Give again the lines of the data from its first line through the line with "Answer: 2023 What". Change nothing.

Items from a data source
* * * * *

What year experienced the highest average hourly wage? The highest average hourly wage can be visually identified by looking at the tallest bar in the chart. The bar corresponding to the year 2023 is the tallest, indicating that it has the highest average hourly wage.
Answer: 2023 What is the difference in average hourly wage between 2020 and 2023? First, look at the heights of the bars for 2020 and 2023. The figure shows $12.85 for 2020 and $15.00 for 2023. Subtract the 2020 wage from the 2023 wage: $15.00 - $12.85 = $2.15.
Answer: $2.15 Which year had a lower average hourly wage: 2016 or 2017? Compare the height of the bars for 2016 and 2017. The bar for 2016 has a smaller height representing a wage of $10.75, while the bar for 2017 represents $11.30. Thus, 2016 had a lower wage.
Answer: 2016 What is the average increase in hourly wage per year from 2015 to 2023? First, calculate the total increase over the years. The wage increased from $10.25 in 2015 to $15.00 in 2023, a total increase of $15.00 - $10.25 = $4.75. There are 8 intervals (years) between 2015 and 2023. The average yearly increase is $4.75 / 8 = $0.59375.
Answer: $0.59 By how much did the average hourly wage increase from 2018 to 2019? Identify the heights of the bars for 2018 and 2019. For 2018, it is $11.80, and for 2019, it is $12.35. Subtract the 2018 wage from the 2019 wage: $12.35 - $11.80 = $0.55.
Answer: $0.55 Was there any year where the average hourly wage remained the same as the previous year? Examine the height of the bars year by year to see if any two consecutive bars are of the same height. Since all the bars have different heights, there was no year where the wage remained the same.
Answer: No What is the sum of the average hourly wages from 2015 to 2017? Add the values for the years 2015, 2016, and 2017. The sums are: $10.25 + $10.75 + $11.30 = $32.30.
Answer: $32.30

* * * * *

* _YOUR RESPONSE_:
What year experienced the highest average hourly wage? The highest average hourly wage can be visually identified by looking at the tallest bar in the chart. The bar corresponding to the year 2023 is the tallest, indicating that it has the highest average hourly wage.
Answer: 2023 What is the difference in average hourly wage between 2020 and 2023? First, look at the heights of the bars for 2020 and 2023. The figure shows $12.85 for 2020 and $15.00 for 2023. Subtract the 2020 wage from the 2023 wage: $15.00 - $12.85 = $2.15.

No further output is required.